Records contained in a dataset:
---+---

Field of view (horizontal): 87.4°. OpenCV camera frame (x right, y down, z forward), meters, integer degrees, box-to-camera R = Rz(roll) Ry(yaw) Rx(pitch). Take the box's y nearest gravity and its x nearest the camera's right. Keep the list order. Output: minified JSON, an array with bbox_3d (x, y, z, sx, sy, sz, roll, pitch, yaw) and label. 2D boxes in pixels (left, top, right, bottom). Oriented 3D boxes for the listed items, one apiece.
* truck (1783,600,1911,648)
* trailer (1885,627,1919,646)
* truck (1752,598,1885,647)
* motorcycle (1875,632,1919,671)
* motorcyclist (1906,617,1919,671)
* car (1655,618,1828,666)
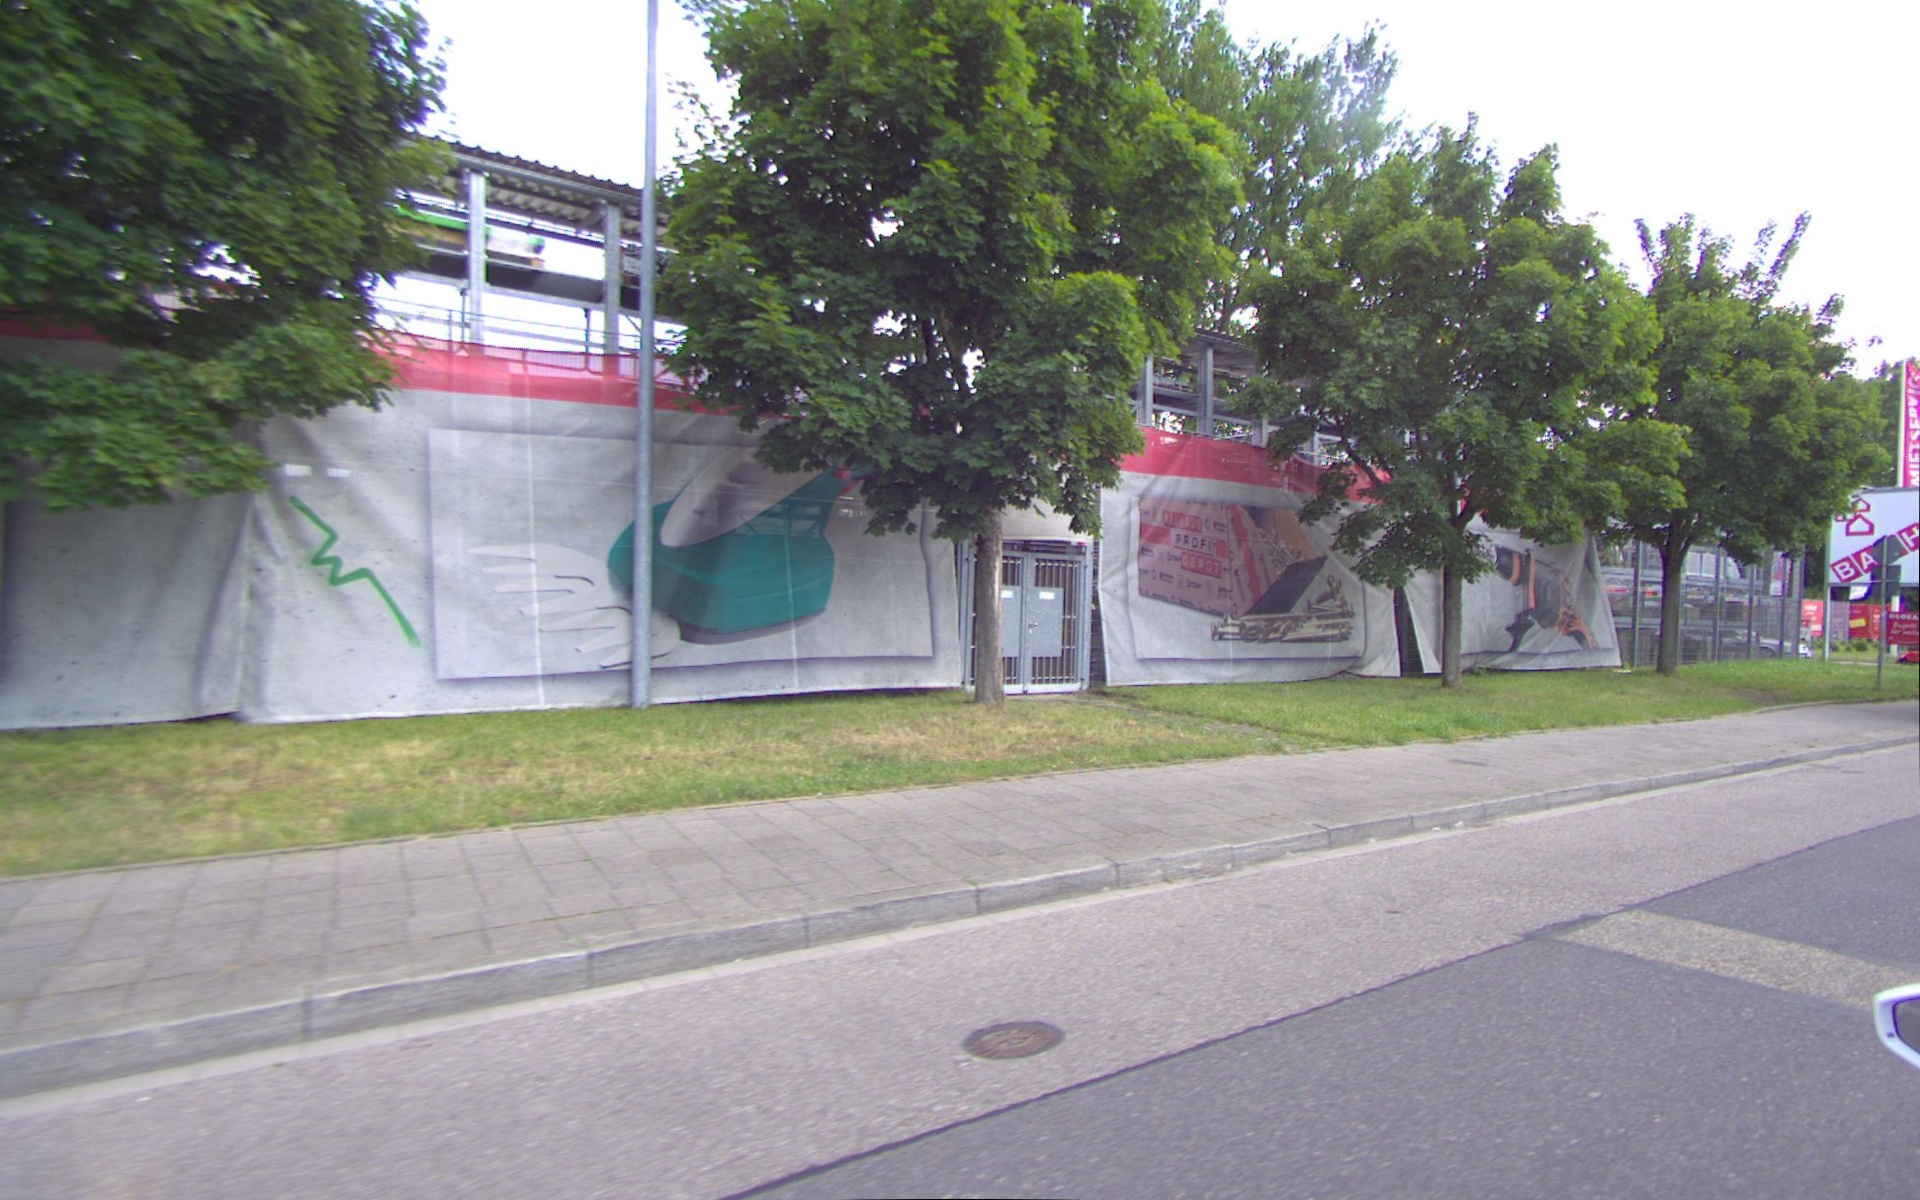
[{"bbox_3d":[53.997,1.399,61.256,1.760,2.628,5.517,3,0,-32],"label":"truck"},{"bbox_3d":[67.696,2.612,70.460,1.692,1.207,3.803,1,1,-26],"label":"trailer"},{"bbox_3d":[51.101,1.292,59.937,1.795,2.628,5.726,3,0,-30],"label":"truck"},{"bbox_3d":[31.609,1.706,32.908,0.983,1.230,2.209,1,0,-32],"label":"motorcycle"},{"bbox_3d":[31.617,1.434,32.907,0.983,1.746,0.670,1,0,-32],"label":"motorcyclist"},{"bbox_3d":[28.877,1.512,37.279,1.932,1.473,4.659,1,0,-31],"label":"car"}]

---+---

◆ **WORK TASK**
Strip the images and return the remaining data exactly.

◆ **REPLY**
Field of view (horizontal): 87.4°. OpenCV camera frame (x right, y down, z forward), meters, integer degrees, box-to-camera R = Rz(roll) Ry(yaw) Rx(pitch). Take the box's y nearest gravity and its x nearest the camera's right. Keep the list order. Output: minified JSON, an array with bbox_3d (x, y, z, sx, sy, sz, roll, pitch, yaw) and label. 2D boxes in pixels (left, top, right, bottom). Oriented 3D boxes for the listed items, one apiece.
* truck (1783,600,1911,648)
* trailer (1885,627,1919,646)
* truck (1752,598,1885,647)
* motorcycle (1875,632,1919,671)
* motorcyclist (1906,617,1919,671)
* car (1655,618,1828,666)
[{"bbox_3d":[53.997,1.399,61.256,1.760,2.628,5.517,3,0,-32],"label":"truck"},{"bbox_3d":[67.696,2.612,70.460,1.692,1.207,3.803,1,1,-26],"label":"trailer"},{"bbox_3d":[51.101,1.292,59.937,1.795,2.628,5.726,3,0,-30],"label":"truck"},{"bbox_3d":[31.609,1.706,32.908,0.983,1.230,2.209,1,0,-32],"label":"motorcycle"},{"bbox_3d":[31.617,1.434,32.907,0.983,1.746,0.670,1,0,-32],"label":"motorcyclist"},{"bbox_3d":[28.877,1.512,37.279,1.932,1.473,4.659,1,0,-31],"label":"car"}]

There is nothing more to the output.